Do you have questions about the course content? Or are you unsure whether the course aligns with your learning goals or preferences? Would you prefer an in-house or private course? We’d be happy to help.

Frequently Asked Questions About "From Sensors to Map"

In IoT applications, sensor data is often enriched with location data using a GPS module or other positioning technology. This assigns a latitude and longitude coordinate to each measurement. When this data is stored or transmitted, the location can be used immediately to visualize the measurements on a map or analyze them within GIS systems. This makes it possible to interpret sensor data spatially and, for example, identify patterns or hotspots.

GeoJSON is a widely used format for exchanging geographic data via web APIs.
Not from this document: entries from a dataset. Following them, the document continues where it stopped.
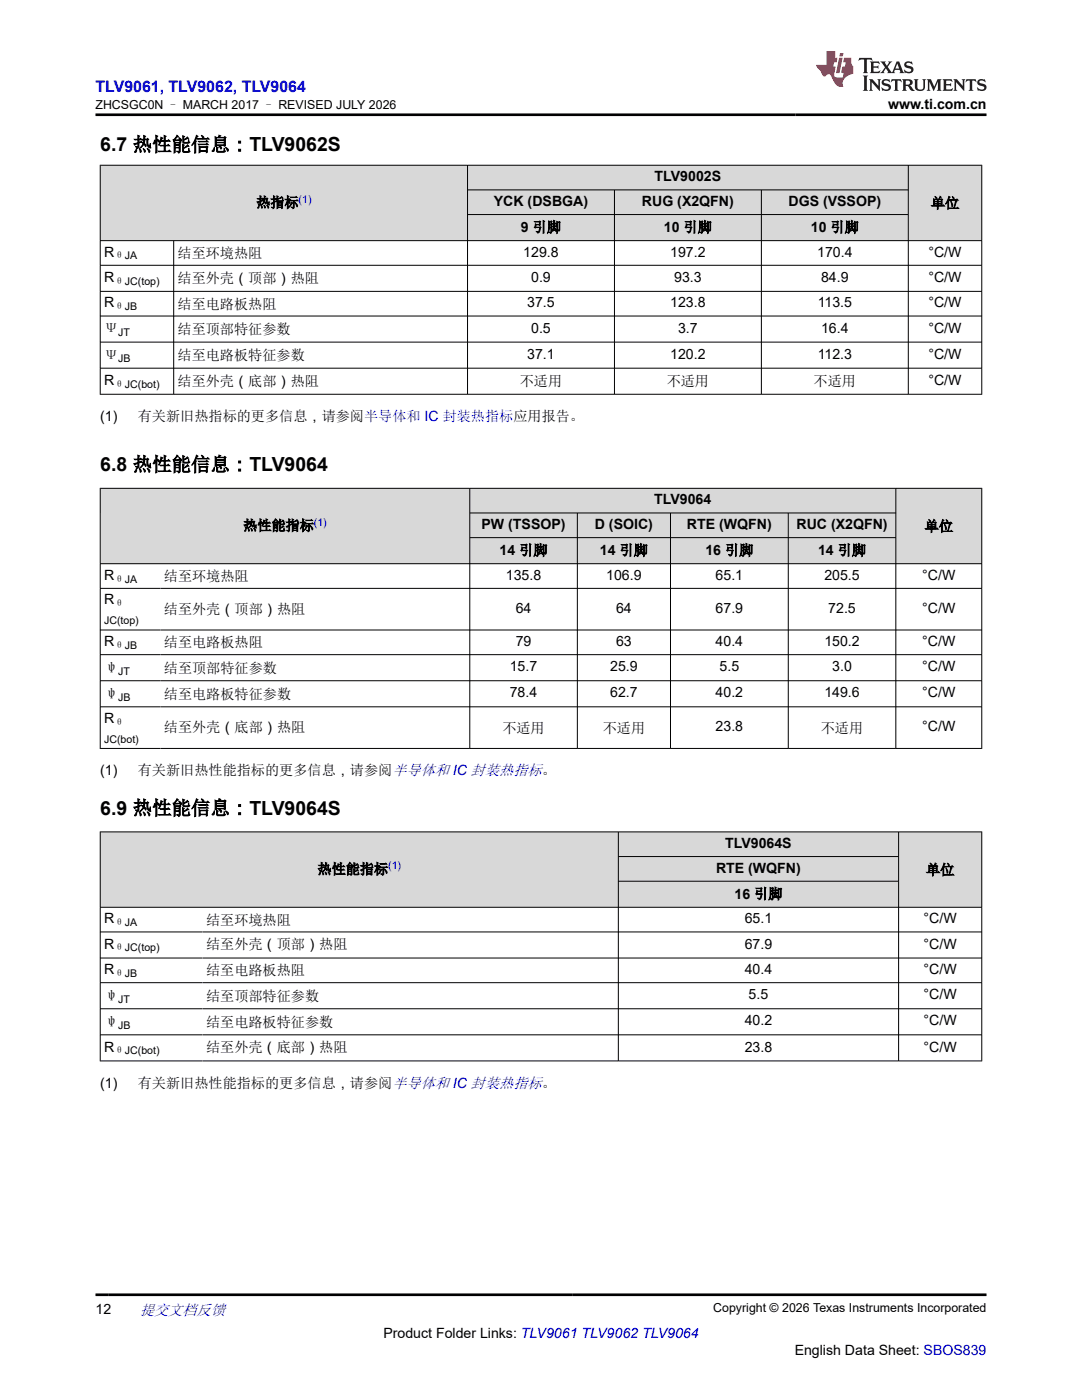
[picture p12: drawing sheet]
<svg xmlns="http://www.w3.org/2000/svg" width="216mm" height="279mm" viewBox="0 0 216 279" stroke-linecap="round" stroke-linejoin="round" font-family="sans-serif">
<defs><g id="words">
<g font-size="3.9">
<text x="20" y="30.2">6.7 热性能信息：TLV9062S</text>
<text x="20" y="94">6.8 热性能信息：TLV9064</text>
<text x="20" y="162.6">6.9 热性能信息：TLV9064S</text>
</g>
<text font-size="3.2" fill="#00f" x="19.1" y="18.3">TLV9061, TLV9062, TLV9064</text>
<text font-size="3" fill="#00f" x="27.9" y="262.4">提交文档反馈</text>
<g font-size="2.8">
<text x="177.2" y="21.7">www.ti.com.cn</text>
<text x="51.1" y="41.4">热指标</text>
<text x="98.5" y="41.1">YCK (DSBGA)</text>
<text x="128.1" y="41.1">RUG (X2QFN)</text>
<text x="130.6" y="36.2">TLV9002S</text>
<text x="157.3" y="41.1">DGS (VSSOP)</text>
<text x="185.7" y="41.5">单位</text>
<text x="104" y="46.3">9 引脚</text>
<text x="132.5" y="46.3">10 引脚</text>
<text x="161.8" y="46.3">10 引脚</text>
<text x="20.8" y="51.2">R</text>
<text x="35.4" y="51.5">结至环境热阻</text>
<text x="104.4" y="51.2">129.8</text>
<text x="133.7" y="51.2">197.2</text>
<text x="163.1" y="51.2">170.4</text>
<text x="185.3" y="51.2">°C/W</text>
<text x="20.8" y="56.3">R</text>
<text x="35.4" y="56.4">结至外壳（顶部）热阻</text>
<text x="106" y="56.3">0.9</text>
<text x="134.5" y="56.3">93.3</text>
<text x="163.8" y="56.3">84.9</text>
<text x="185.3" y="56.3">°C/W</text>
<text x="20.8" y="61.3">R</text>
<text x="35.4" y="61.6">结至电路板热阻</text>
<text x="105.2" y="61.3">37.5</text>
<text x="133.7" y="61.3">123.8</text>
<text x="163.2" y="61.3">113.5</text>
<text x="185.3" y="61.3">°C/W</text>
<text x="20.8" y="66.5">Ψ</text>
<text x="20.8" y="71.8">Ψ</text>
<text x="35.4" y="66.7">结至顶部特征参数</text>
<text x="35.4" y="71.9">结至电路板特征参数</text>
<text x="105.2" y="71.6">37.1</text>
<text x="106" y="66.4">0.5</text>
<text x="133.7" y="71.6">120.2</text>
<text x="135.3" y="66.4">3.7</text>
<text x="163.2" y="71.6">112.3</text>
<text x="163.8" y="66.4">16.4</text>
<text x="185.3" y="66.4">°C/W</text>
<text x="185.3" y="71.6">°C/W</text>
<text x="20.8" y="76.8">R</text>
<text x="35.4" y="77">结至外壳（底部）热阻</text>
<text x="103.7" y="77.1">不适用</text>
<text x="133" y="77.1">不适用</text>
<text x="162.4" y="77.1">不适用</text>
<text x="185.3" y="76.8">°C/W</text>
<text x="20" y="84">(1)</text>
<text x="27.5" y="84">有关新旧热指标的更多信息，请参阅半导体和 IC 封装热指标应用报告。</text>
<text x="130.5" y="100.6">TLV9064</text>
<text x="48.5" y="105.9">热性能指标</text>
<text x="96.1" y="105.6">PW (TSSOP)</text>
<text x="118.7" y="105.6">D (SOIC)</text>
<text x="137.1" y="105.6">RTE (WQFN)</text>
<text x="158.9" y="105.6">RUC (X2QFN)</text>
<text x="184.5" y="106">单位</text>
<text x="99.7" y="110.8">14 引脚</text>
<text x="119.7" y="110.8">14 引脚</text>
<text x="140.8" y="110.8">16 引脚</text>
<text x="163.2" y="110.8">14 引脚</text>
<text x="20.8" y="115.7">R</text>
<text x="32.7" y="116">结至环境热阻</text>
<text x="100.9" y="115.7">135.8</text>
<text x="121" y="115.7">106.9</text>
<text x="142.8" y="115.7">65.1</text>
<text x="164.5" y="115.7">205.5</text>
<text x="184" y="115.7">°C/W</text>
<text x="20.8" y="120.6">R</text>
<text x="32.7" y="122.4">结至外壳（顶部）热阻</text>
<text x="102.9" y="122.3">64</text>
<text x="122.9" y="122.3">64</text>
<text x="142.8" y="122.3">67.9</text>
<text x="165.3" y="122.3">72.5</text>
<text x="184" y="122.3">°C/W</text>
<text x="20.8" y="128.9">R</text>
<text x="32.7" y="129.2">结至电路板热阻</text>
<text x="102.9" y="128.9">79</text>
<text x="122.9" y="128.9">63</text>
<text x="142.8" y="128.9">40.4</text>
<text x="164.5" y="128.9">150.2</text>
<text x="184" y="128.9">°C/W</text>
<text x="20.8" y="134.1">ψ</text>
<text x="32.7" y="134.3">结至顶部特征参数</text>
<text x="101.7" y="134">15.7</text>
<text x="121.8" y="134">25.9</text>
<text x="143.6" y="134">5.5</text>
<text x="166.1" y="134">3.0</text>
<text x="184" y="134">°C/W</text>
<text x="20.8" y="139.3">ψ</text>
<text x="32.7" y="139.5">结至电路板特征参数</text>
<text x="101.7" y="139.2">78.4</text>
<text x="121.8" y="139.2">62.7</text>
<text x="142.8" y="139.2">40.2</text>
<text x="164.5" y="139.2">149.6</text>
<text x="184" y="139.2">°C/W</text>
<text x="20.8" y="144.3">R</text>
<text x="32.7" y="146.1">结至外壳（底部）热阻</text>
<text x="100.2" y="146.2">不适用</text>
<text x="120.3" y="146.2">不适用</text>
<text x="142.8" y="145.9">23.8</text>
<text x="163.8" y="146.2">不适用</text>
<text x="184" y="145.9">°C/W</text>
<text x="20" y="154.7">(1)</text>
<text x="27.5" y="154.7">有关新旧热性能指标的更多信息，请参阅半导体和 IC 封装热指标。</text>
<text x="144.7" y="169.2">TLV9064S</text>
<text x="63.3" y="174.4">热性能指标</text>
<text x="142.9" y="174.1">RTE (WQFN)</text>
<text x="146.6" y="179.3">16 引脚</text>
<text x="184.8" y="174.6">单位</text>
<text x="20.8" y="184.3">R</text>
<text x="41.1" y="184.5">结至环境热阻</text>
<text x="148.6" y="184.3">65.1</text>
<text x="184.3" y="184.3">°C/W</text>
<text x="20.8" y="189.3">R</text>
<text x="41.1" y="189.5">结至外壳（顶部）热阻</text>
<text x="148.6" y="189.3">67.9</text>
<text x="184.3" y="189.3">°C/W</text>
<text x="20.8" y="194.4">R</text>
<text x="41.1" y="194.7">结至电路板热阻</text>
<text x="148.6" y="194.4">40.4</text>
<text x="184.3" y="194.4">°C/W</text>
<text x="20.8" y="199.6">ψ</text>
<text x="41.1" y="199.7">结至顶部特征参数</text>
<text x="149.4" y="199.4">5.5</text>
<text x="184.3" y="199.4">°C/W</text>
<text x="20.8" y="204.8">ψ</text>
<text x="20.8" y="209.9">R</text>
<text x="41.1" y="204.9">结至电路板特征参数</text>
<text x="41.1" y="210">结至外壳（底部）热阻</text>
<text x="148.6" y="204.7">40.2</text>
<text x="148.6" y="209.9">23.8</text>
<text x="184.3" y="204.7">°C/W</text>
<text x="184.3" y="209.9">°C/W</text>
<text x="20" y="217.1">(1)</text>
<text x="27.5" y="217.1">有关新旧热性能指标的更多信息，请参阅半导体和 IC 封装热指标。</text>
<text x="19.1" y="262.1">12</text>
<text x="76.5" y="266.9">Product Folder Links: TLV9061 TLV9062 TLV9064</text>
<text x="158.6" y="270.3">English Data Sheet: SBOS839</text>
</g>
<g font-size="2.5">
<text x="19.1" y="21.8">ZHCSGC0N – MARCH 2017 – REVISED JULY 2026</text>
<text x="142.3" y="261.8">Copyright © 2026 Texas Instruments Incorporated</text>
</g>
<g font-size="2.1" fill="#00f">
<text x="59.6" y="40.4">(1)</text>
<text x="62.6" y="104.9">(1)</text>
<text x="77.5" y="173.5">(1)</text>
</g>
<g font-size="2.1">
<text x="22.8" y="51.8">θJA</text>
<text x="22.8" y="56.8">θJC(top)</text>
<text x="22.8" y="61.9">θJB</text>
<text x="23.6" y="67.1">JT</text>
<text x="22.8" y="77.4">θJC(bot)</text>
<text x="23.6" y="72.3">JB</text>
<text x="22.8" y="116.3">θJA</text>
<text x="20.8" y="124.6">JC(top)</text>
<text x="22.8" y="121.2">θ</text>
<text x="22.8" y="129.5">θJB</text>
<text x="23.6" y="134.7">JT</text>
<text x="23.6" y="139.9">JB</text>
<text x="20.8" y="148.2">JC(bot)</text>
<text x="22.8" y="144.8">θ</text>
<text x="22.8" y="184.8">θJA</text>
<text x="22.8" y="189.9">θJC(top)</text>
<text x="22.8" y="195">θJB</text>
<text x="23.6" y="200.2">JT</text>
<text x="23.6" y="205.4">JB</text>
<text x="22.8" y="210.4">θJC(bot)</text>
</g>
</g></defs>
<g fill="#d8d8d8">
<path d="M20 33h175.9v4.9h-175.9z" fill-rule="evenodd"/>
<path d="M20.1 33h73.1v15h-73.1z" fill-rule="evenodd"/>
<path d="M93.4 33h87.8v4.8h-87.8z" fill-rule="evenodd"/>
<path d="M181.3 33h14.5v15h-14.5z" fill-rule="evenodd"/>
<path d="M93.4 38h29.1v4.8h-29.1z" fill-rule="evenodd"/>
<path d="M122.7 38h29.2v4.8h-29.2z" fill-rule="evenodd"/>
<path d="M152 38h29.2v4.8h-29.2z" fill-rule="evenodd"/>
<path d="M93.4 42.9h29.1v5.1h-29.1z" fill-rule="evenodd"/>
<path d="M122.7 42.9h29.2v5.1h-29.2z" fill-rule="evenodd"/>
<path d="M152 42.9h29.2v5.1h-29.2z" fill-rule="evenodd"/>
</g>
<g fill="none" stroke="#000" stroke-width=".2">
<path d="M19.9 33h176.1M20 32.9v45.8M93.3 32.9v45.8M93.3 37.9h88M122.6 37.9v40.8M151.9 37.9v40.8M181.2 32.9v45.8M195.9 32.9v45.8M19.9 48h176.1M19.9 52.9h176.1M19.9 58.2h176.1M34.7 48v30.7"/>
<path d="M93.3 42.8h88M19.9 63.1h176.1M19.9 68.3h176.1M19.9 73.5h176.1M19.9 78.7h176.1"/>
</g>
<g fill="#d8d8d8">
<path d="M20 97.5h175.9v4.9h-175.9z" fill-rule="evenodd"/>
<path d="M20.1 97.5h73.6v14.9h-73.6z" fill-rule="evenodd"/>
<path d="M93.8 97.5h84.9v4.8h-84.9z" fill-rule="evenodd"/>
<path d="M178.8 97.5h17v14.9h-17z" fill-rule="evenodd"/>
<path d="M93.8 102.4h21.3v4.8h-21.3z" fill-rule="evenodd"/>
<path d="M115.3 102.4h18.4v4.8h-18.4z" fill-rule="evenodd"/>
<path d="M133.9 102.4h23.3v4.8h-23.3z" fill-rule="evenodd"/>
<path d="M157.4 102.4h21.3v4.8h-21.3z" fill-rule="evenodd"/>
<path d="M93.8 107.4h21.3v5h-21.3z" fill-rule="evenodd"/>
<path d="M115.3 107.4h18.4v5h-18.4z" fill-rule="evenodd"/>
<path d="M133.9 107.4h23.3v5h-23.3z" fill-rule="evenodd"/>
<path d="M157.4 107.4h21.3v5h-21.3z" fill-rule="evenodd"/>
</g>
<g fill="none" stroke="#000" stroke-width=".2">
<path d="M19.9 97.5h176.1M20 97.4v52M93.7 97.4v52M178.8 97.4v52M195.9 97.4v52M19.9 112.5h176.1M19.9 117.4h176.1M93.7 102.4h85.1M93.7 107.3h85.1M115.2 102.4v47M133.8 102.4v47M157.3 102.4v47"/>
<path d="M19.9 125.7h176.1M19.9 130.7h176.1M19.9 135.9h176.1M19.9 141.1h176.1M19.9 149.4h176.1"/>
</g>
<g fill="#d8d8d8">
<path d="M20 166h175.9v4.9h-175.9z" fill-rule="evenodd"/>
<path d="M20.1 166.1h103.2v14.9h-103.2z" fill-rule="evenodd"/>
<path d="M123.4 166.1h55.8v4.8h-55.8z" fill-rule="evenodd"/>
<path d="M179.4 166.1h16.4v14.9h-16.4z" fill-rule="evenodd"/>
<path d="M123.4 171h55.8v4.8h-55.8z" fill-rule="evenodd"/>
<path d="M123.4 175.9h55.8v5.1h-55.8z" fill-rule="evenodd"/>
</g>
<g fill="none" stroke="#000" stroke-width=".2">
<path d="M19.9 166h176.1M20 166v45.8M123.4 166v45.8M123.4 170.9h56M123.4 175.9h56M179.3 166v45.8M195.9 166v45.8M19.9 181.1h176.1M19.9 186h176.1M19.9 191.2h176.1M19.9 196.1h176.1M19.9 201.3h176.1"/>
<path d="M19.9 206.5h176.1M19.9 211.7h176.1"/>
</g>
<path d="M171.5 11.6l-.2 .5 .5-.2h.6v.1v2.2l-.2 .4h1l-.2-.4v-2.2v-.1h.5l.6 .2-.2-.5zM173.6 12.3l.2 .4v1.5l-.2 .4h1.9l.1-.6a1.08 1.08 0 0 1-1.3 .2v-.7h.6l.4 .2v-.7l-.4 .2h-.6v-.5l.2-.2a1 1 0 0 1 1 .3l-.1-.5zM175.7 12.3l.9 1.1-1 1.2h.9l-.2-.2 .5-.8 .4 .8-.2 .2h1.6l-.2-.2 .2-.5h.9l.1 .5-.1 .2h.9l-.2-.3-.8-2h-.5l-.9 2.2-.9-1.1 .9-1.1h-.8l.2 .2-.4 .6-.4-.6 .2-.2zM179 12.7l.4 1h-.7zM180.7 12.4a.65 .65 0 0 0-.2 .7 .65 .65 0 0 0 .6 .5l.6 .1 .1 .3a.79 .79 0 0 1-.7 .4 .79 .79 0 0 1-.7-.5l.1 .7 .2-.1a.93 .93 0 0 0 1.1 .1 .93 .93 0 0 0 .4-1 1.46 1.46 0 0 0-1.2-.6l-.1-.3a1.09 1.09 0 0 1 1.2 .2l-.2-.6-.1 .1-.5-.2zM172.2 15.1l.2 .4v2.2l-.2 .4h1l-.2-.4v-2.2l.2-.4zM173.4 15.8l.2 .4v1.5l-.2 .4h.8l-.3-.4 .1-1.3 1.6 1.8v-2l.2-.4h-.7l.1 .2 .1 1.1-1.2-1.3zM176.2 15.9a.65 .65 0 0 0-.2 .8 .65 .65 0 0 0 .6 .4l.6 .2 .1 .2a.79 .79 0 0 1-.7 .4 .79 .79 0 0 1-.7-.5l.1 .7 .2-.1a.93 .93 0 0 0 1.1 .1 .93 .93 0 0 0 .4-.9 1.46 1.46 0 0 0-1.2-.6l-.1-.4a1.09 1.09 0 0 1 1.2 .2l-.1-.6-.2 .1-.5-.1zM177.9 15.8l-.1 .6a.63 .63 0 0 1 .8-.3v1.6l-.3 .4h1l-.2-.4v-1.6a.66 .66 0 0 1 .8 .3l-.1-.6zM180 15.8l.2 .4v1.5l-.2 .4h1l-.2-.2-.1-.7h.5l.1 .2a.79 .79 0 0 0 1.2 .6l-1-.9a.61 .61 0 0 0 .6-.6 .61 .61 0 0 0-.5-.7zM180.8 16.1h.1a.47 .47 0 0 1 .5 .1 .47 .47 0 0 1 .1 .5l-.1 .1-.7 .1zM182.3 15.8l.2 .2a2.27 2.27 0 0 0 .4 2 1.04 1.04 0 0 0 1.7-.7v-1.3l.2-.2h-.8l.2 .4v1.1a.6 .6 0 0 1-.6 .6 .6 .6 0 0 1-.6-.6v-1.1l.3-.4zM184.9 15.8l.2 .4v1.5l-.2 .4h.8l-.3-.4v-1.4l.9 1.9 .9-1.9v1.4l-.3 .4h1l-.2-.4v-1.5l.2-.4h-.8l-.7 1.5-.6-1.5zM188.1 15.8l.2 .4v1.5l-.2 .4h1.9l.1-.6a1.09 1.09 0 0 1-1.3 .2v-.7h.6l.4 .2v-.6l-.4 .2h-.6v-.6l.2-.1a1.01 1.01 0 0 1 1 .3l-.1-.6zM190.2 15.8l.3 .4v1.5l-.3 .4h.8l-.2-.4v-1.3l1.6 1.8v-2l.2-.4h-.7l.2 .2v1.1l-1.2-1.3zM192.8 15.8l-.1 .6a.63 .63 0 0 1 .8-.3v1.6l-.3 .4h1l-.2-.4v-1.6a.66 .66 0 0 1 .8 .3l-.1-.6zM195.2 15.9a.65 .65 0 0 0-.2 .8 .65 .65 0 0 0 .6 .4l.6 .2 .2 .2a.79 .79 0 0 1-.7 .4 .79 .79 0 0 1-.7-.5l.1 .7 .2-.1a.93 .93 0 0 0 1 .1 .93 .93 0 0 0 .5-.9 1.46 1.46 0 0 0-1.3-.6v-.4a1.09 1.09 0 0 1 1.2 .2l-.2-.6-.2 .1-.5-.1z" fill="#231f20"/>
<path d="M164.9 10.2v2.8h-2l.1 .3 .8 1a.95 .95 0 0 0 1 .9 .59 .59 0 0 1 .5-.4 .59 .59 0 0 1 .5 .4l.4 .7a1.59 1.59 0 0 0 2.1 1.4 1.61 1.61 0 0 1 1-2.3l1-.3-.1-1.5a1.59 1.59 0 0 1-.3-1.7h-1.5l-.2 .9h.6l-.2 .9h-.5l-.2 1v.2l.4 .1-.1 .9h-.7a.73 .73 0 0 1-1-.7l.3-1.5h-.5l.1-.9h.5l.2-.9h-.5v-1.3zM167.4 11.5l-.6 3.1h.7l.6-3.1zM167.6 10.6l-.1 .6h.7l.1-.6z" fill="#ed1c24"/>
<path d="M19.1 22.9h177.8M19.1 258.4h177.8" fill="none" stroke="#000" stroke-width=".53"/>
<use href="#words"/>
</svg>

It combines geometry (such as points or lines) with attributes in a single JSON structure. This makes it easy to share sensor data with web maps, GIS software, and dashboards. Because many modern geo-applications directly support GeoJSON, it is an efficient format for visualizing real-time sensor measurements on maps.

A backend ensures that sensor data from devices can be received, stored, and made available to other applications. In a typical IoT architecture, a sensor sends measurements to a server or API. The backend processes this data, stores it in a database, and makes it accessible for maps, dashboards, or analytics. This creates a complete data chain from sensor measurement to geo-application.

Linking sensors to maps has many practical applications. Examples include environmental monitoring—such as measuring air quality or temperature—smart city applications like traffic or noise monitoring, and agricultural projects that track soil moisture or microclimates. Visualizing sensor data on maps provides a spatial overview that aids in analysis, monitoring, and decision-making.